Then, there’s networking port 32764, which French security researcher Eloi Vanderbeken in 2013 discovered had been quietly left open on gateway routers sold by several major brands. Using port 32764, anyone on a local network — which includes a user’s ISP — could take full administrative control of a router, and even perform a factory reset, without a password.

The port was closed on most affected devices following Vanderbeken’s disclosures, but he later found that it could easily be reopened with a specially designed data packet that could be sent from an ISP.

“This is so obviously done by a spy agency, it’s amazing,” Horowitz said. “It was deliberate, no doubt about it.”

How to lock down your home router

The first step toward home router security, Horowitz said, is to make sure the router and modem are not a single device. Many ISPs lease such devices to customers, but they’ll have little control over their own networks.

“If you were given a single box, which most people I think call a gateway,” he said, “you should be able to contact the ISP and have them dumb down the box so that it acts as just a modem. Then you can add your own router to it.”

Next, Horowitz recommended that customers buy a low-end commercial-grade Wi-Fi/Ethernet routers, which retail for about $200, rather than a consumer-friendly router that can cost as little as $20. Commercial-grade routers are unlikely to have UPnP or WPS enabled. Regardless of whether a router is commercial- or consumer-grade, there are several things, varying from easy to difficult, that home-network administrators can do to make sure their routers are more secure:

Easy fixes

Change the administrative credentials from the default username and password. They’re the first things an attacker will try. Your router’s instruction manual should show you how to do this; if it doesn’t, then Google it.

Change the network name, or SSID, from “Netgear,” “Linksys” or whatever the default is, to something unique — but don’t give it a name that identifies you.

“If you live in an apartment building in apartment 3G, don’t call your SSID ‘Apartment 3G,'” Horowitz quipped. “Call it ‘Apartment 5F.'”

Enable WPA2 wireless encryption so that only authorized users can hop on your network.

Disable Wi-Fi Protected Setup, if your router lets you.

Set up a guest Wi-Fi network and offer its use to visitors, if your router has such a feature. If possible, set the guest network to turn itself off after a set period of time.

“You can turn on your guest network, and set a timer, and three hours later, it turns itself off,” Horowitz said. “That’s a really nice security feature.”

If you have a lot of smart-home or Internet of Things devices, odds are many of them won’t be terribly secure. Connect them your guest Wi-Fi network instead of your primary network to minimize the damage resulting from any potential compromise of an IoT device.

Do not use cloud-based router management if your router’s manufacturer offers it. Instead, figure out if you can turn that feature off.

“This is a really bad idea,” Horowitz said. “If your router offers that, I would not do it, because now you’re trusting another person between you and your router.”
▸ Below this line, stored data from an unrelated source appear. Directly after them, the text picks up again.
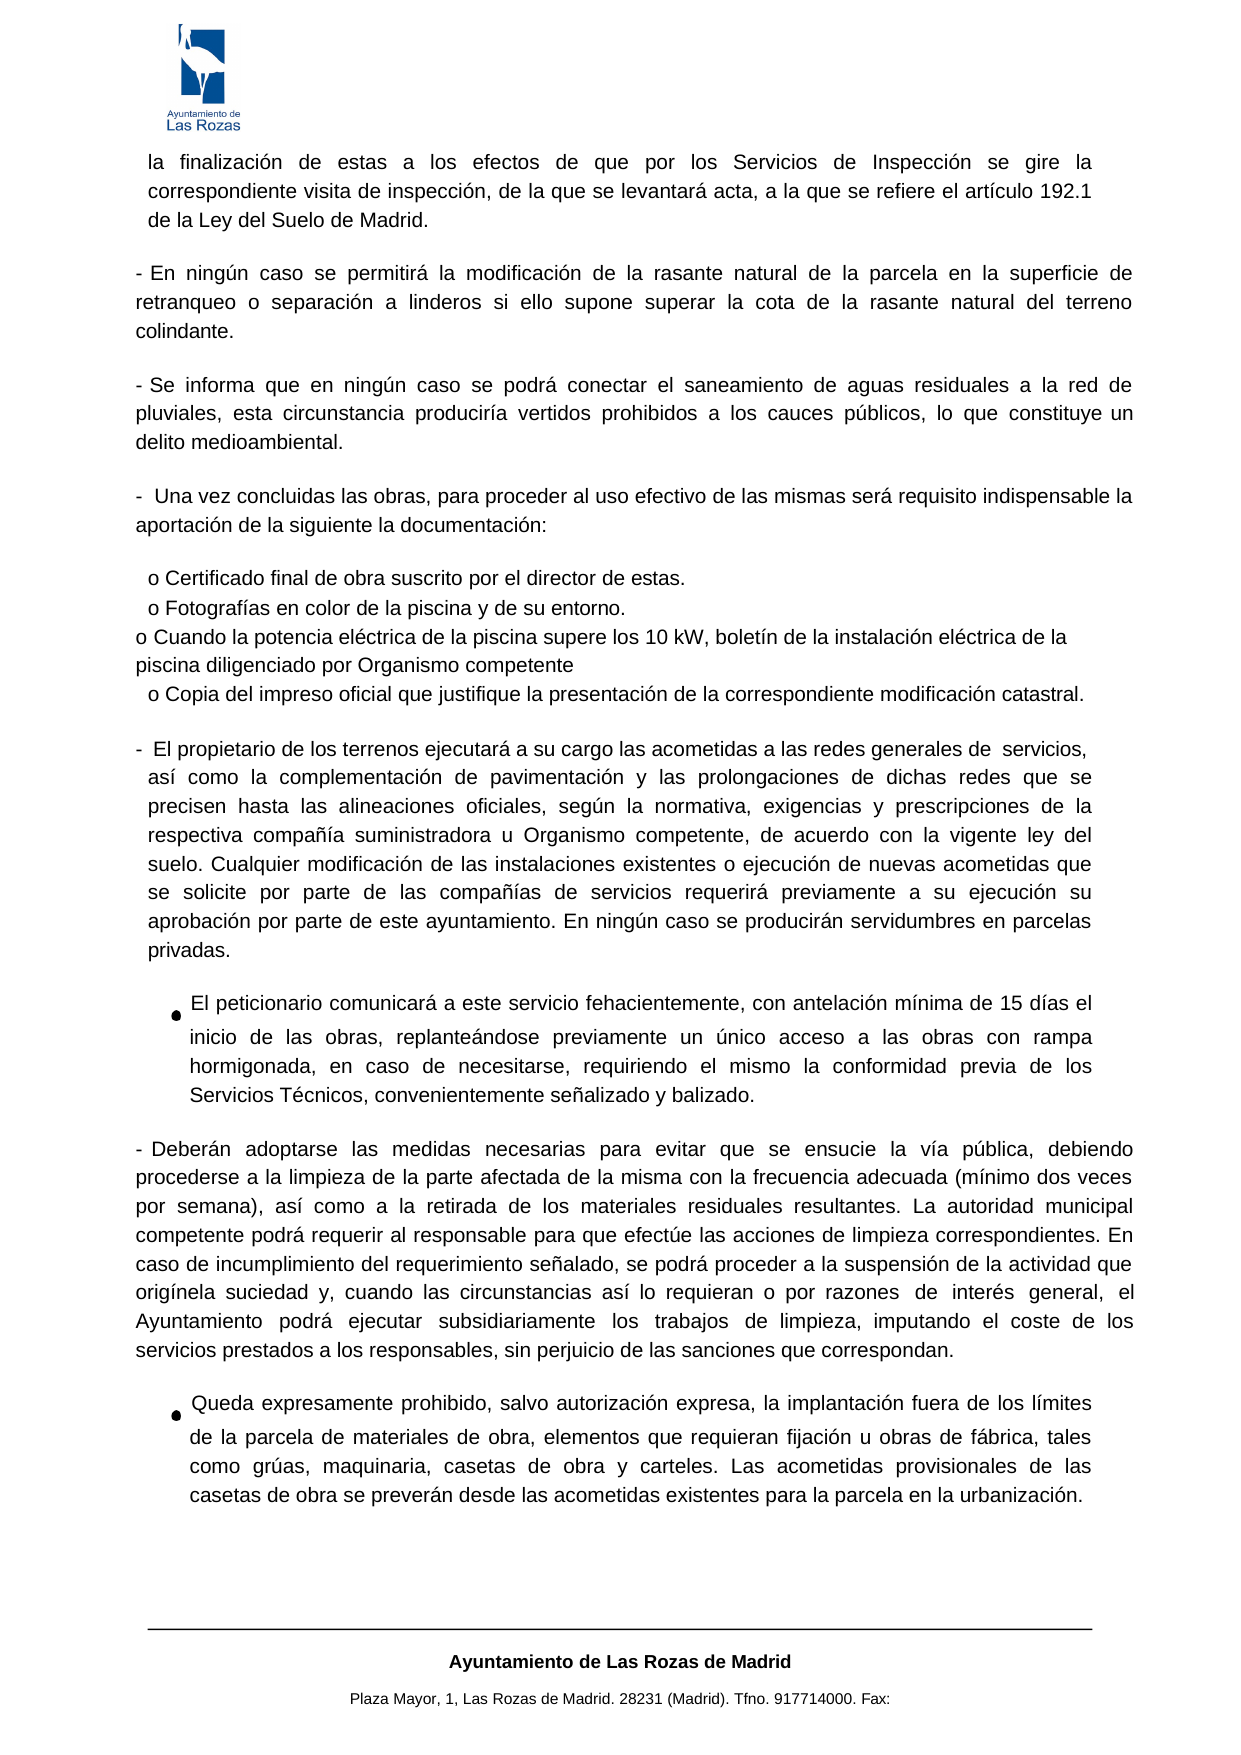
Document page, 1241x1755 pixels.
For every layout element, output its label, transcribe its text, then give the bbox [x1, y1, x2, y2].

text así como la complementación de pavimentación y las prolongaciones de dichas redes que se precisen hasta las alineaciones oficiales, según la normativa, exigencias y prescripciones de la respectiva compañía suministradora u Organismo competente, de acuerdo con la vigente ley del suelo. Cualquier modificación de las instalaciones existentes o ejecución de nuevas acometidas que se solicite por parte de las compañías de servicios requerirá previamente a su ejecución su aprobación por parte de este ayuntamiento. En ningún caso se producirán servidumbres en parcelas privadas. [148, 765, 1093, 962]
list Una vez concluidas las obras, para proceder al uso efectivo de las mismas será requisito indispensable la aportación de la siguiente la documentación: [135, 484, 1134, 536]
list Copia del impreso oficial que justifique la presentación de la correspondiente modificación catastral. [148, 682, 1134, 706]
list En ningún caso se permitirá la modificación de la rasante natural de la parcela en la superficie de retranqueo o separación a linderos si ello supone superar la cota de la rasante natural del terreno colindante. [135, 261, 1134, 343]
list Certificado final de obra suscrito por el director de estas. [148, 566, 1134, 590]
text El peticionario comunicará a este servicio fehacientemente, con antelación mínima de 15 días el inicio de las obras, replanteándose previamente un único acceso a las obras con rampa hormigonada, en caso de necesitarse, requiriendo el mismo la conformidad previa de los Servicios Técnicos, convenientemente señalizado y balizado. [171, 991, 1093, 1107]
list Se informa que en ningún caso se podrá conectar el saneamiento de aguas residuales a la red de pluviales, esta circunstancia produciría vertidos prohibidos a los cauces públicos, lo que constituye un delito medioambiental. [135, 372, 1134, 454]
text la finalización de estas a los efectos de que por los Servicios de Inspección se gire la correspondiente visita de inspección, de la que se levantará acta, a la que se refiere el artículo 192.1 de la Ley del Suelo de Madrid. [148, 150, 1093, 231]
list Deberán adoptarse las medidas necesarias para evitar que se ensucie la vía pública, debiendo procederse a la limpieza de la parte afectada de la misma con la frecuencia adecuada (mínimo dos veces por semana), así como a la retirada de los materiales residuales resultantes. La autoridad municipal competente podrá requerir al responsable para que efectúe las acciones de limpieza correspondientes. En caso de incumplimiento del requerimiento señalado, se podrá proceder a la suspensión de la actividad que origínela suciedad y, cuando las circunstancias así lo requieran o por razones de interés general, el Ayuntamiento podrá ejecutar subsidiariamente los trabajos de limpieza, imputando el coste de los servicios prestados a los responsables, sin perjuicio de las sanciones que correspondan. [135, 1136, 1134, 1362]
list Fotografías en color de la piscina y de su entorno. [148, 595, 1134, 619]
list Cuando la potencia eléctrica de la piscina supere los 10 kW, boletín de la instalación eléctrica de la piscina diligenciado por Organismo competente [135, 624, 1134, 677]
text Queda expresamente prohibido, salvo autorización expresa, la implantación fuera de los límites de la parcela de materiales de obra, elementos que requieran fijación u obras de fábrica, tales como grúas, maquinaria, casetas de obra y carteles. Las acometidas provisionales de las casetas de obra se preverán desde las acometidas existentes para la parcela en la urbanización. [171, 1391, 1093, 1507]
list El propietario de los terrenos ejecutará a su cargo las acometidas a las redes generales de servicios, [135, 736, 1093, 760]
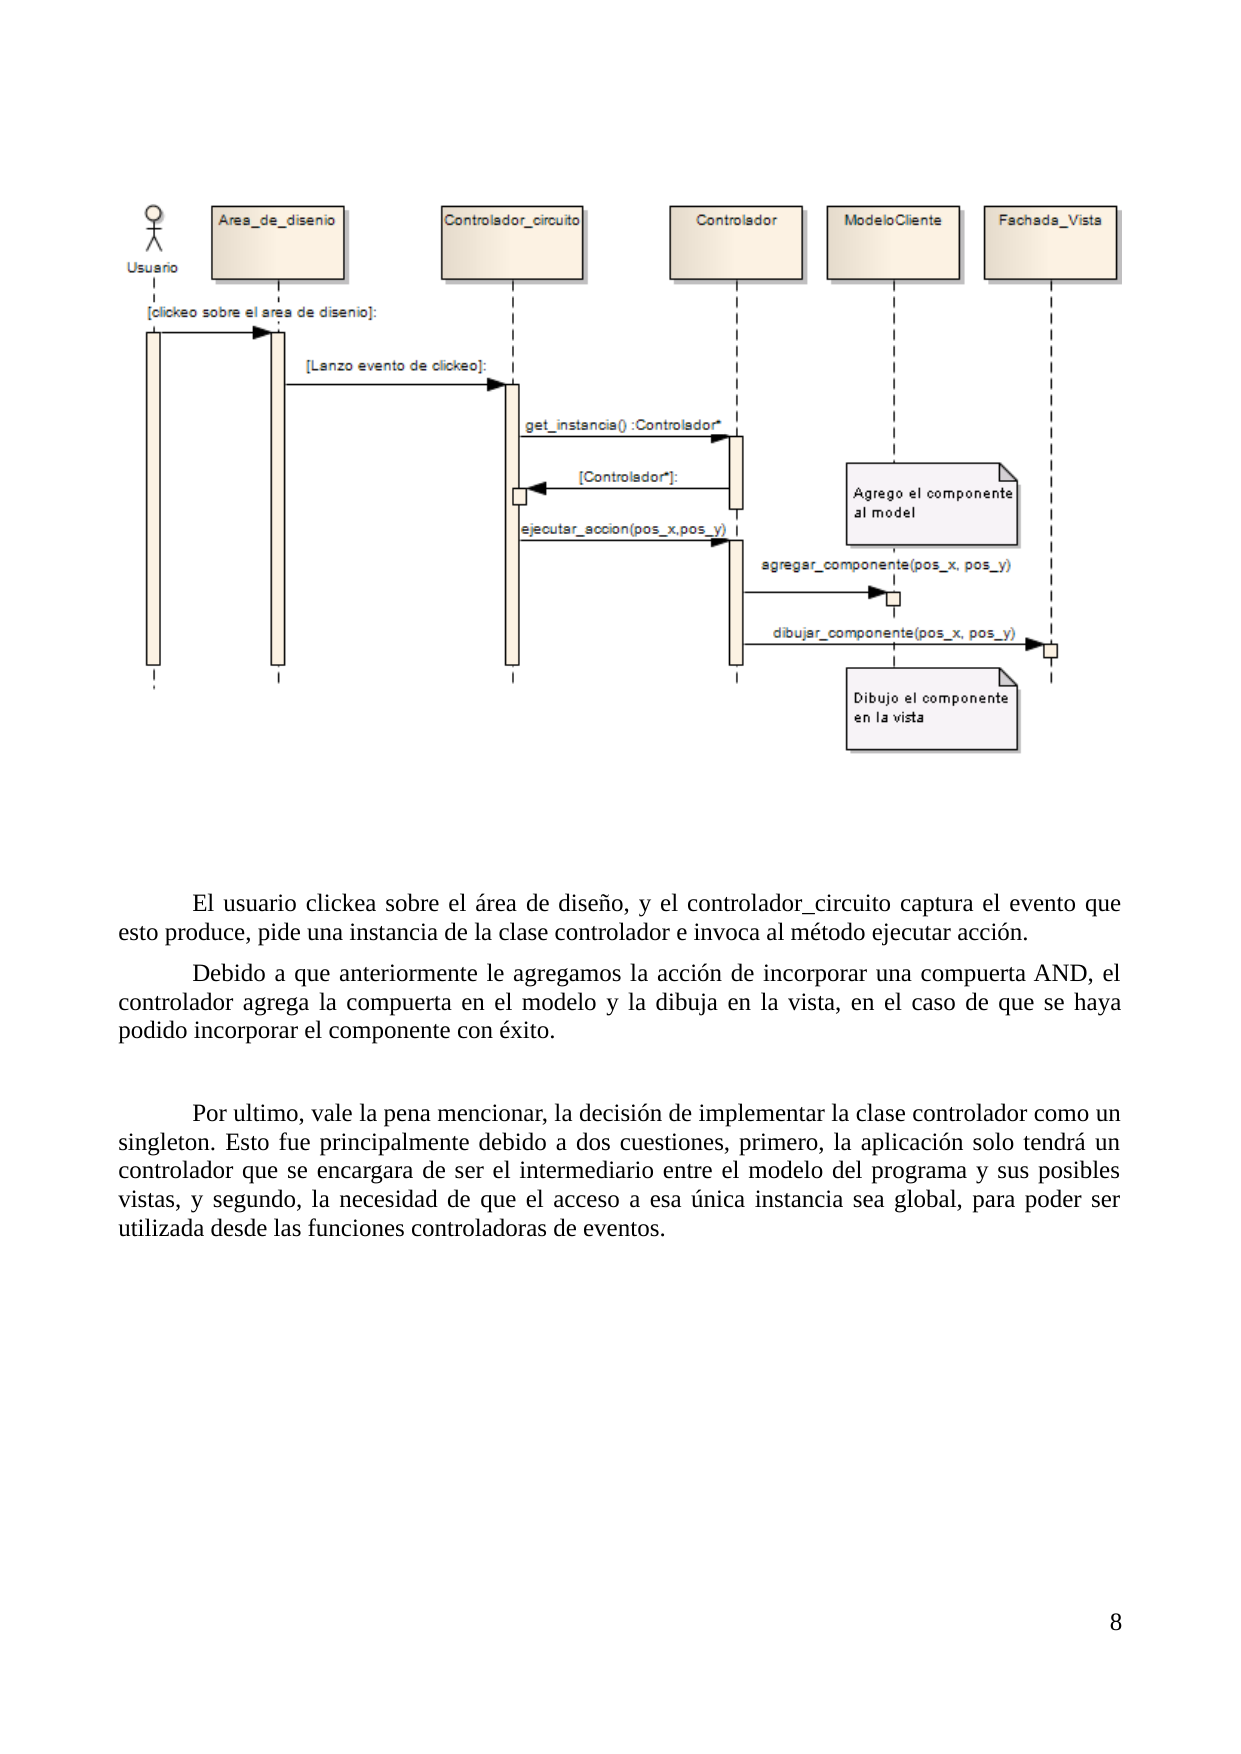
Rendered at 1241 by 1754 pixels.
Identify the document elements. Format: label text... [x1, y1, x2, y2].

text Debido a que anteriormente le agregamos la acción de incorporar una compuerta AND, el controlador agrega la compuerta en el modelo y la dibuja en la vista, en el caso de que se haya podido incorporar el componente con éxito. [118, 958, 1122, 1044]
picture [118, 200, 1122, 764]
text El usuario clickea sobre el área de diseño, y el controlador_circuito captura el evento que esto produce, pide una instancia de la clase controlador e invoca al método ejecutar acción. [118, 888, 1122, 945]
text Por ultimo, vale la pena mencionar, la decisión de implementar la clase controlador como un singleton. Esto fue principalmente debido a dos cuestiones, primero, la aplicación solo tendrá un controlador que se encargara de ser el intermediario entre el modelo del programa y sus posibles vistas, y segundo, la necesidad de que el acceso a esa única instancia sea global, para poder ser utilizada desde las funciones controladoras de eventos. [118, 1098, 1122, 1242]

Many new “mesh router” systems, such as Google Wifi and Eero, are entirely cloud-dependent and can interface with the user only through cloud-based smartphone apps. While those models offer security improvements in other areas, such as with automatic firmware updates, it might be worth looking for a mesh-style router that permits local administrative access, such as the Netgear Orbi.

Moderately difficult

Install new firmware when it becomes available. Log into your router’s administrative interface routinely to check. With some brands, you may have to check the manufacturer’s website for firmware upgrades. Newer routers, including most mesh routers, will have automatically update the firmware. But have a backup router on hand if something goes wrong.

Set your router to use the 5-GHz band for Wi-Fi instead of the more standard 2.4-GHz band, if possible and if all your devices are compatible.

“The 5-GHz band does not travel as far as the 2.4-GHz band,” Horowitz said. “So if there is some bad guy in your neighborhood a block or two away, he might see your 2.4-GHz network, but he might not see your 5-GHz network.”

Disable remote administrative access, and disable administrative access over Wi-Fi. Administrators should connect to routers via wired Ethernet only. (Again, this won’t be possible with many mesh routers.)

Advanced tips for more tech-savvy users

Change the settings for the administrative Web interface, if your router permits it. Ideally, the interface should enforce a secure HTTPS connection over a non-standard port, so that the URL for administrative access would be something like, to use Horowitz’s example, “https://192.168.1.1:82” instead of the more standard “http://192.168.1.1”, which by default uses the internet-standard port 80.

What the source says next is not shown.